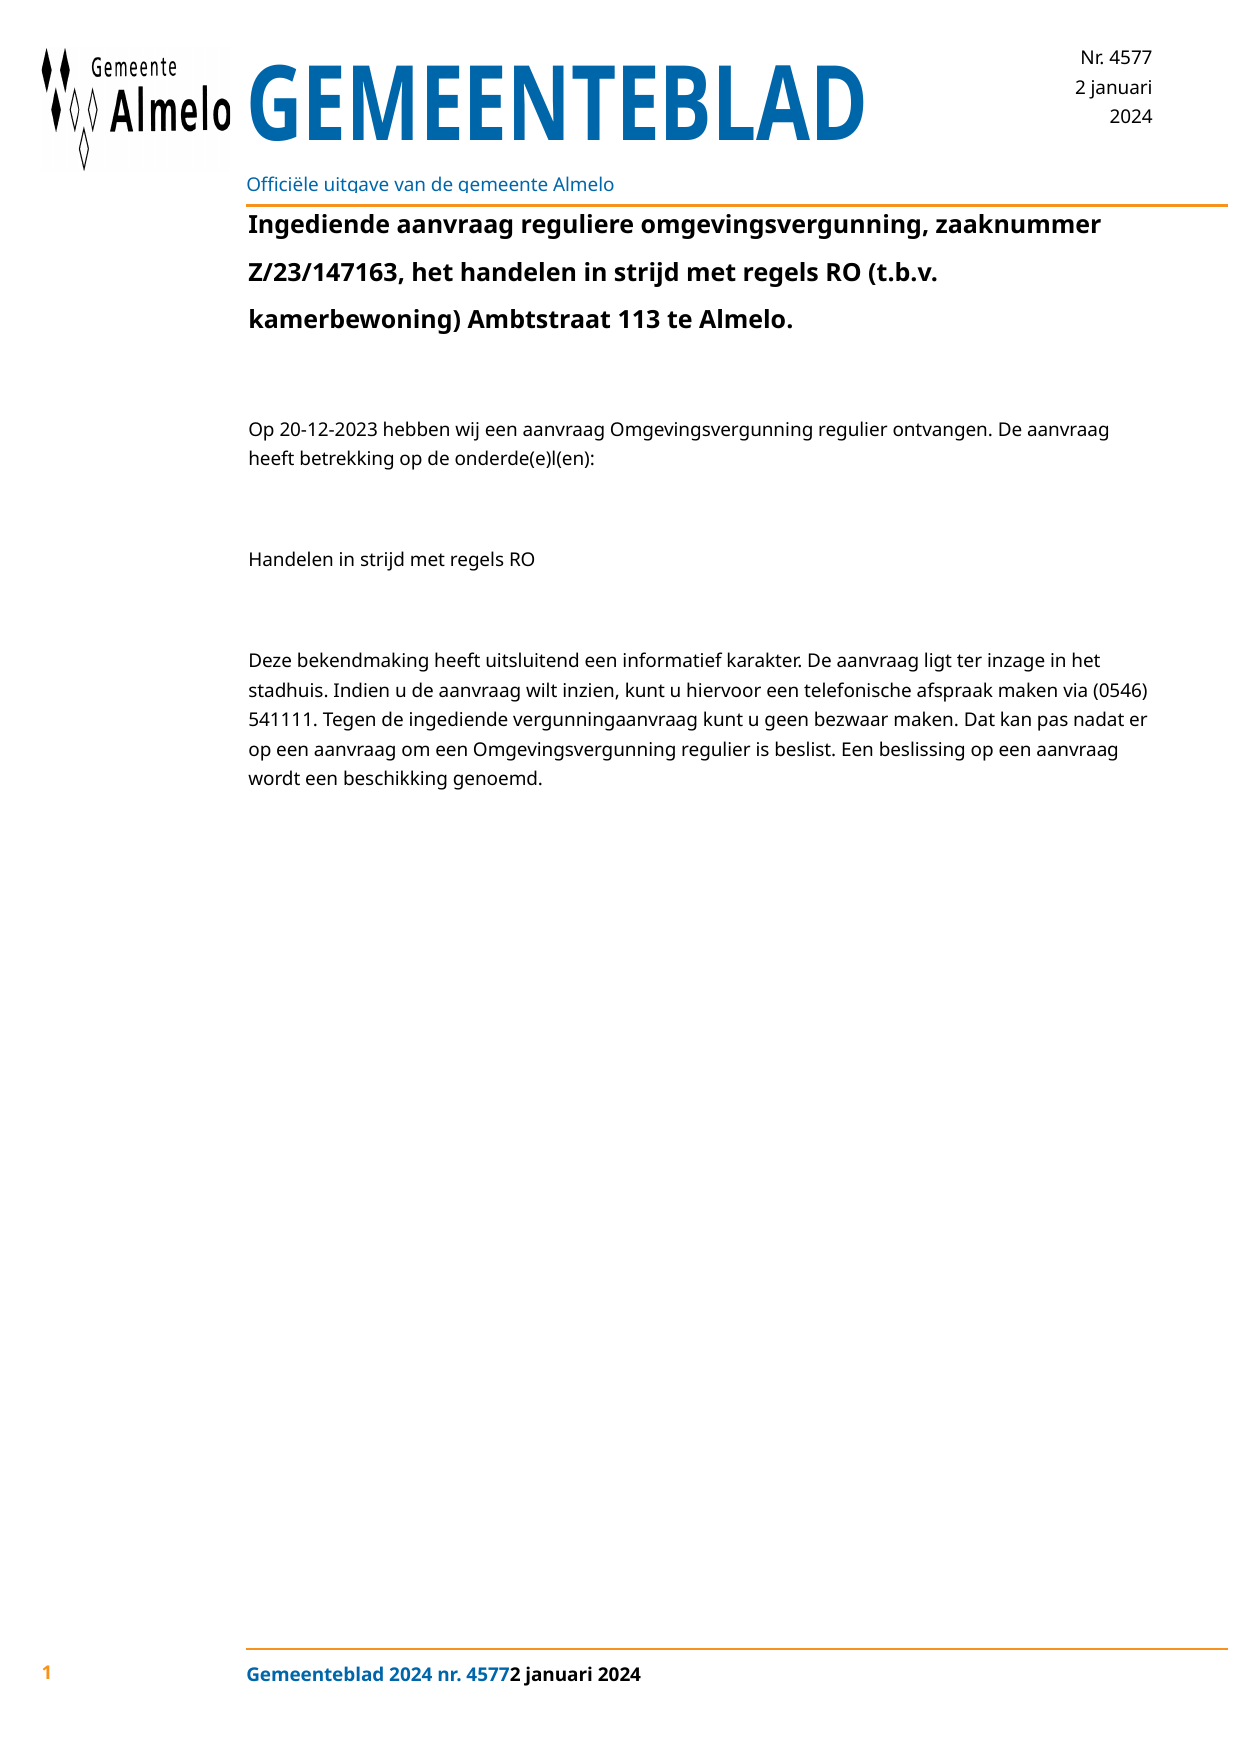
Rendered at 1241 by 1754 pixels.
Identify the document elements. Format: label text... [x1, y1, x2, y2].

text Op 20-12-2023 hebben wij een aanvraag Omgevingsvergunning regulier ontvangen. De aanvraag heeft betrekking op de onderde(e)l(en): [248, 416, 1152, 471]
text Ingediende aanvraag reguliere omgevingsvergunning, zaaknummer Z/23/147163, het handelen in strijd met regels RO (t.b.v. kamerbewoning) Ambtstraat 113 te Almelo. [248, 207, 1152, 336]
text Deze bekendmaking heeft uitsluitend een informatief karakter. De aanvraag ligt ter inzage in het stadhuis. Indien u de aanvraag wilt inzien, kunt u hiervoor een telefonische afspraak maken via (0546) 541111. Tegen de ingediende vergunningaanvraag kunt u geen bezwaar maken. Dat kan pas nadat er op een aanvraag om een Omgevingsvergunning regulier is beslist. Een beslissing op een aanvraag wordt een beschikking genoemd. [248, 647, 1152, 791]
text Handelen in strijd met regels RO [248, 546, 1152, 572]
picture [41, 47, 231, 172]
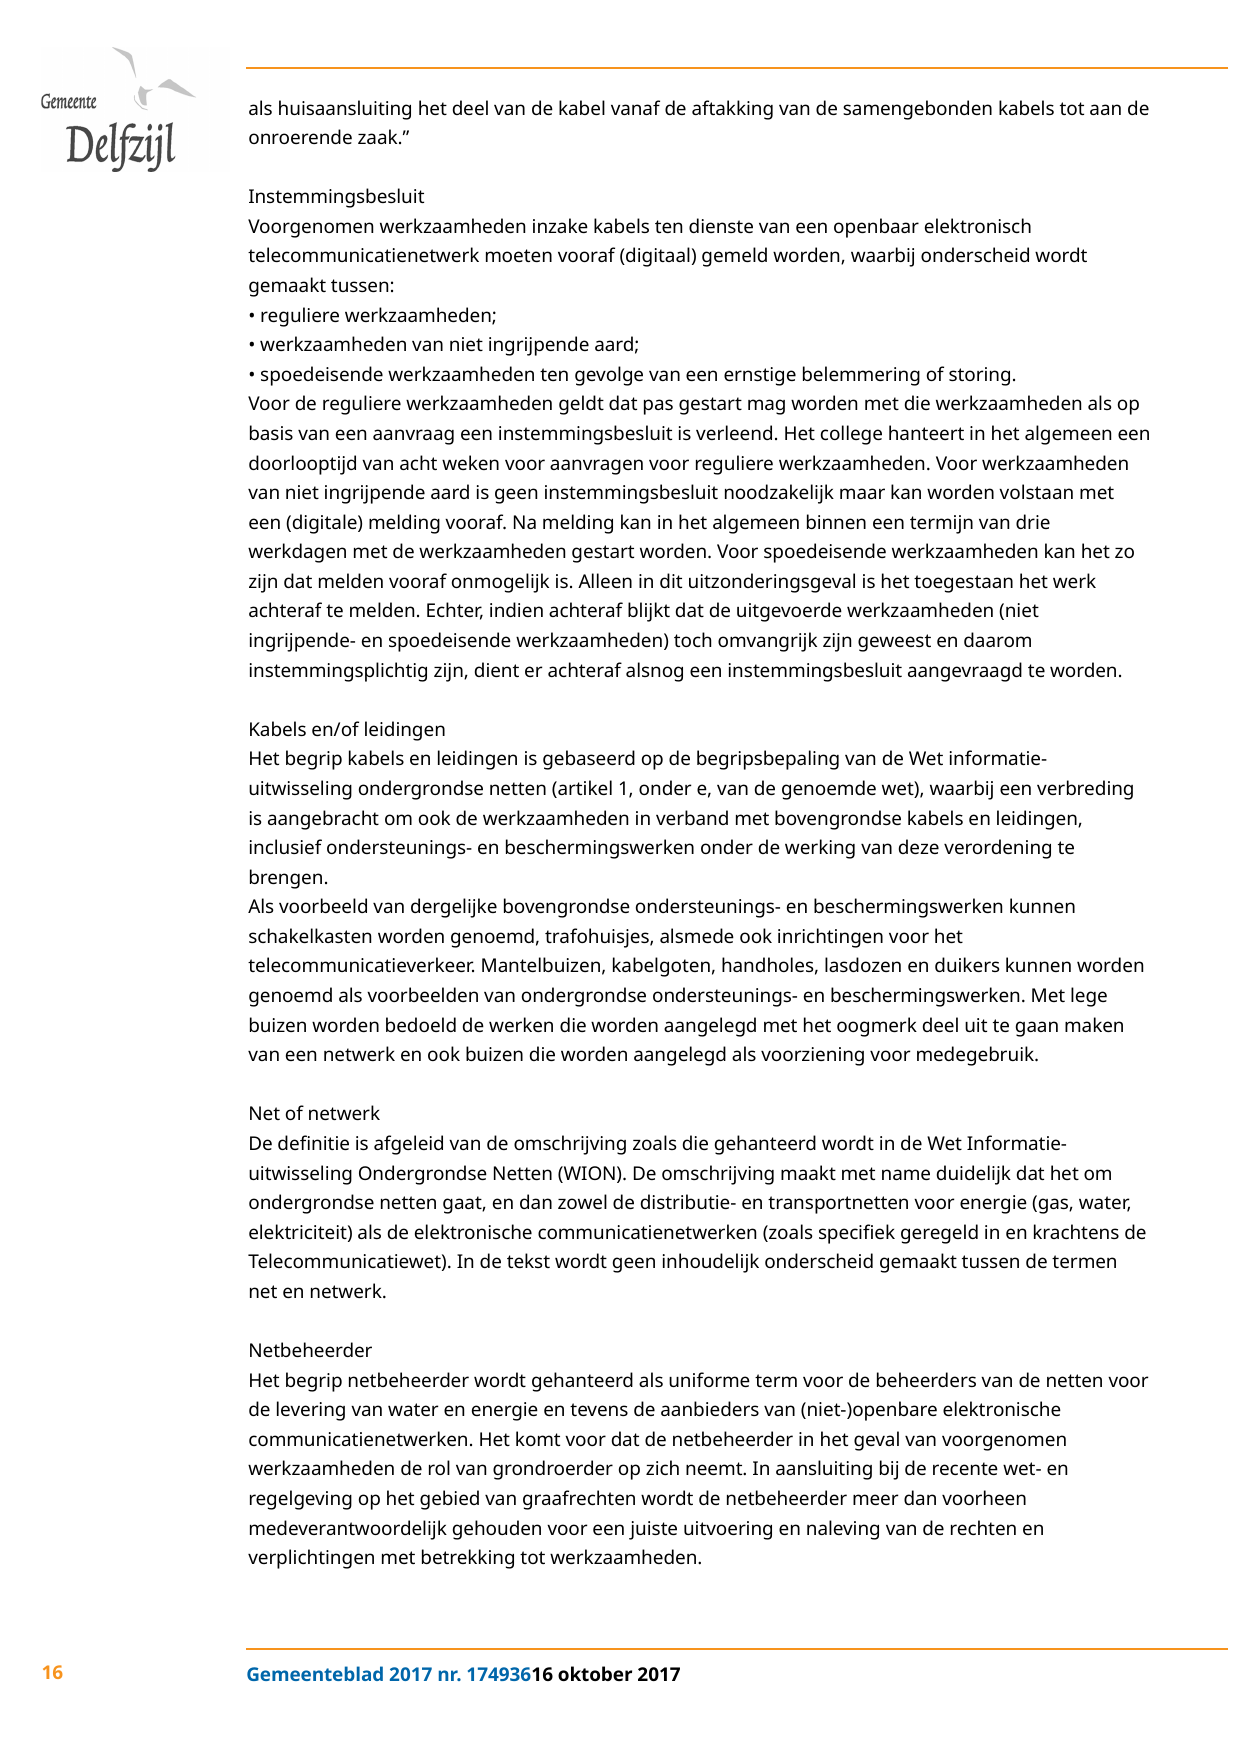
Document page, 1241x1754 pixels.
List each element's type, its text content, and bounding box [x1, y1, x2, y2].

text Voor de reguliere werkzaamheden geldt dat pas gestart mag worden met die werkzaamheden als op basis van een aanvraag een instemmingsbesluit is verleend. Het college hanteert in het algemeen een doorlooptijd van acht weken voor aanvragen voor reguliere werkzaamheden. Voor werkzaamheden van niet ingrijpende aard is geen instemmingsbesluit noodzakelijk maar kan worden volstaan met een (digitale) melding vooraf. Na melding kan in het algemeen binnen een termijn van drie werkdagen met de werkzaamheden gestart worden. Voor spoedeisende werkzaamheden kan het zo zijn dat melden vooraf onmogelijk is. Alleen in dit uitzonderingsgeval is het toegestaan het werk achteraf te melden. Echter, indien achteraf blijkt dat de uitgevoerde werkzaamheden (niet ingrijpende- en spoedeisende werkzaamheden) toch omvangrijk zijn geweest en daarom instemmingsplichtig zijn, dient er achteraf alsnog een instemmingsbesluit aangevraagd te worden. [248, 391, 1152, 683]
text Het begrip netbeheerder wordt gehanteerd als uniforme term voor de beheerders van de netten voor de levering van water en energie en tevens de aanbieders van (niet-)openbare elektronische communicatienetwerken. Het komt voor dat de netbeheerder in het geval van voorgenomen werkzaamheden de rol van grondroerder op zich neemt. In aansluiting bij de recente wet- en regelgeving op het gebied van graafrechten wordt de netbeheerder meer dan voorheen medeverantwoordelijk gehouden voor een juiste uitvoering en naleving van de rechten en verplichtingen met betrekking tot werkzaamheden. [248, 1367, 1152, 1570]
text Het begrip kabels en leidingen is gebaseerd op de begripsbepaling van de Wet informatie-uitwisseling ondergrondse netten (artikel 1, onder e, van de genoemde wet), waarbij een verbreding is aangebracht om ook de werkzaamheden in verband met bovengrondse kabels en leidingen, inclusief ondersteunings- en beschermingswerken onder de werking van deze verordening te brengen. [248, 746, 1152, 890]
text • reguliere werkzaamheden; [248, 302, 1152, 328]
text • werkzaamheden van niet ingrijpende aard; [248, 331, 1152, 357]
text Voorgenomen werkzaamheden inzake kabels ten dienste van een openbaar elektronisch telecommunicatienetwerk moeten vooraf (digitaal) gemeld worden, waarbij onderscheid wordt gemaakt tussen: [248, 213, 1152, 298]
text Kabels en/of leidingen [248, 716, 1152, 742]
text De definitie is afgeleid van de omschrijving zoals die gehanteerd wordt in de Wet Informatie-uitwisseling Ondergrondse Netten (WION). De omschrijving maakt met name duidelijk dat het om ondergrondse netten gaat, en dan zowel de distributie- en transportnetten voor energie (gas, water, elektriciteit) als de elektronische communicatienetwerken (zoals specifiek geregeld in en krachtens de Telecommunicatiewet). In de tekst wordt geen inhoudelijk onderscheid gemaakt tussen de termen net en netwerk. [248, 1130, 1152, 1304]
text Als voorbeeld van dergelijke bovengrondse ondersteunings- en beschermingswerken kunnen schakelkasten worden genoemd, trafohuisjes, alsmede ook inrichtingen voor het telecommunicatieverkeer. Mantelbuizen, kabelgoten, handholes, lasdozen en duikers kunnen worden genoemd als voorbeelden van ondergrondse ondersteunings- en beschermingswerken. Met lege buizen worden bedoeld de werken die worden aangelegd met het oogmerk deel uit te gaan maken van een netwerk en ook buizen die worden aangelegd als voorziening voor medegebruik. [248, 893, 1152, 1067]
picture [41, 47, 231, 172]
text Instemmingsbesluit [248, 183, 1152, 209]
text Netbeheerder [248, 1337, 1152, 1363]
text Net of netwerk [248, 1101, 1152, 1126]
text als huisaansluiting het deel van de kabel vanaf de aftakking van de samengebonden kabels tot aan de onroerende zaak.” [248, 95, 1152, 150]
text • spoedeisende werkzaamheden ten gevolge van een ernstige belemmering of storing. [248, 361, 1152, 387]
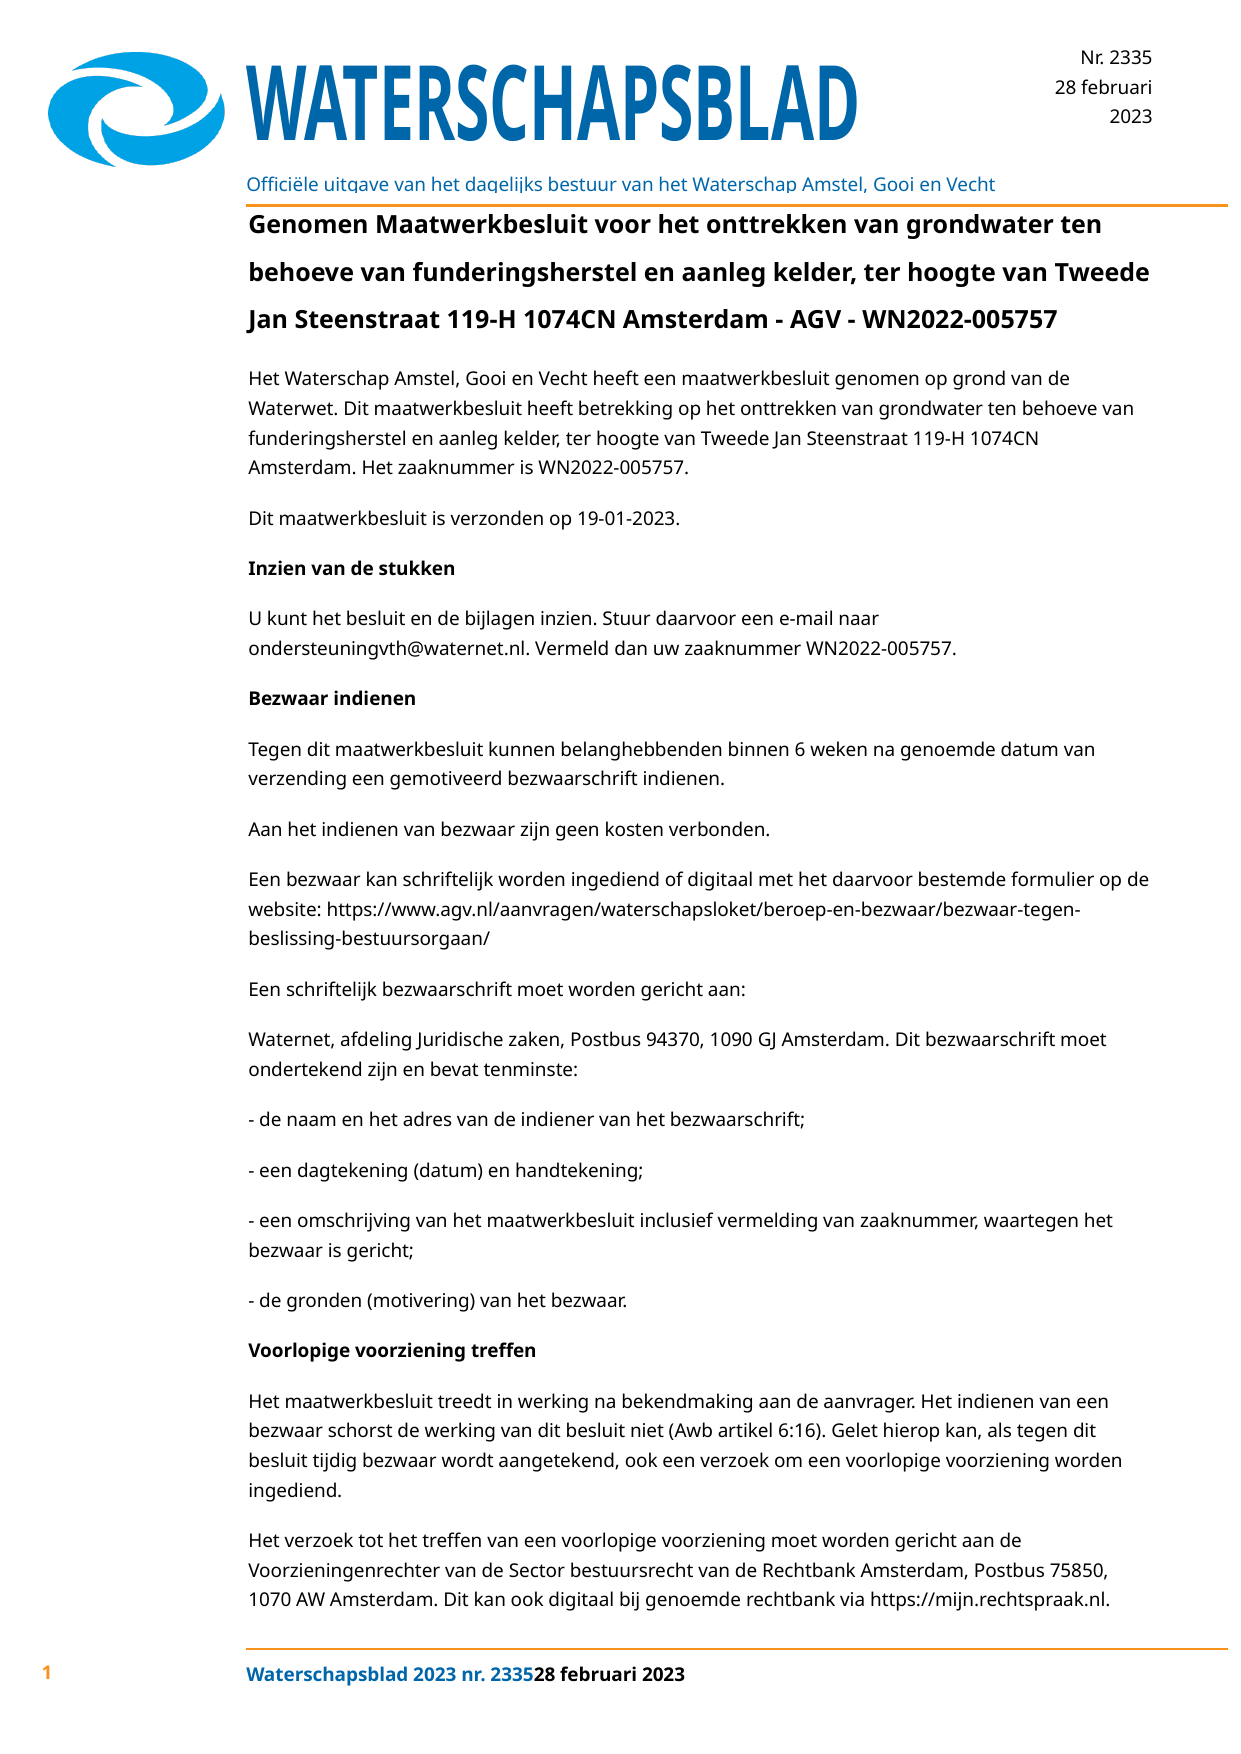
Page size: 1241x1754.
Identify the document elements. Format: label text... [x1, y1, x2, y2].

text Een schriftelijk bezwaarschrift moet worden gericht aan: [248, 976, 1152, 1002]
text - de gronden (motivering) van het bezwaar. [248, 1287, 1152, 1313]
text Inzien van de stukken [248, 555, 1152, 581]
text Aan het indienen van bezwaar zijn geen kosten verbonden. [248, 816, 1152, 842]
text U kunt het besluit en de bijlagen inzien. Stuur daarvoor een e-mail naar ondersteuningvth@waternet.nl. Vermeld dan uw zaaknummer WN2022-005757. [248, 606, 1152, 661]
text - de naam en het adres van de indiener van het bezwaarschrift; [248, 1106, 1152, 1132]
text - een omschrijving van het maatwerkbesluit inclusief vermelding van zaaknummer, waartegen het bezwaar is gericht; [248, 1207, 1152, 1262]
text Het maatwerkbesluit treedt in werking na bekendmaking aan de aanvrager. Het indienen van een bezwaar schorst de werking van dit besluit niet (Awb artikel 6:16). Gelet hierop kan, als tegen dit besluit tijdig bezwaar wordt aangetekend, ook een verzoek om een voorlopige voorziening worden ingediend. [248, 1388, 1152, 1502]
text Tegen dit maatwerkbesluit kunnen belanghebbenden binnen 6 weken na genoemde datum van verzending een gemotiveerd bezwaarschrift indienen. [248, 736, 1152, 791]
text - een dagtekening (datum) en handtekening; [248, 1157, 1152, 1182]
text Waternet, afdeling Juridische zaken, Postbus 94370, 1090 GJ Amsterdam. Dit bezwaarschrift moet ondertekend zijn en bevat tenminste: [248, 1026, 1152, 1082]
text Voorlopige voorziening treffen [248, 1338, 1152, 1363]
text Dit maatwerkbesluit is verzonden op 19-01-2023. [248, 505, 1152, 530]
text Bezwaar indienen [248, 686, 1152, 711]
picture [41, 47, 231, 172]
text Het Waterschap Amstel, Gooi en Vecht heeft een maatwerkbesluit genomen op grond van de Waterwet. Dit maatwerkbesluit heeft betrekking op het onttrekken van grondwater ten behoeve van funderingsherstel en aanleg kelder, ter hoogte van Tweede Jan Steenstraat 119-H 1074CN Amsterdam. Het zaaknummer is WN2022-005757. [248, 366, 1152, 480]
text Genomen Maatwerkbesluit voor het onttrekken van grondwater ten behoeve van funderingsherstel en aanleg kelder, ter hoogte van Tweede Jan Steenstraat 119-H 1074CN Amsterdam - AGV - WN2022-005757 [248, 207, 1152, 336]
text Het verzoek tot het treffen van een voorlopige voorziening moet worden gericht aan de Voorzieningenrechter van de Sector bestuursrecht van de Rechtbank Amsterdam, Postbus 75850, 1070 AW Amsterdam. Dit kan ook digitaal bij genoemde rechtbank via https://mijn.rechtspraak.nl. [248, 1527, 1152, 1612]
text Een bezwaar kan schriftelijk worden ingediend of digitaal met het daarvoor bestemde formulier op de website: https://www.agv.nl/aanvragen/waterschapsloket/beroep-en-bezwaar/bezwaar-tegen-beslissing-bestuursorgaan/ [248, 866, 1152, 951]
◇ ◇ ◇
Please transcribe exactly the lines from the start of the records through the line containing "text Op 20-12-2023", leaving the pictures out.

ANSWER BELOW:
Rendered at 1241 by 1754 pixels.
Identify the document elements. Format: label text... [x1, y1, x2, y2].

text Op 20-12-2023 hebben wij een aanvraag Omgevingsvergunning regulier ontvangen. De aanvraag heeft betrekking op de onderde(e)l(en): [248, 416, 1152, 471]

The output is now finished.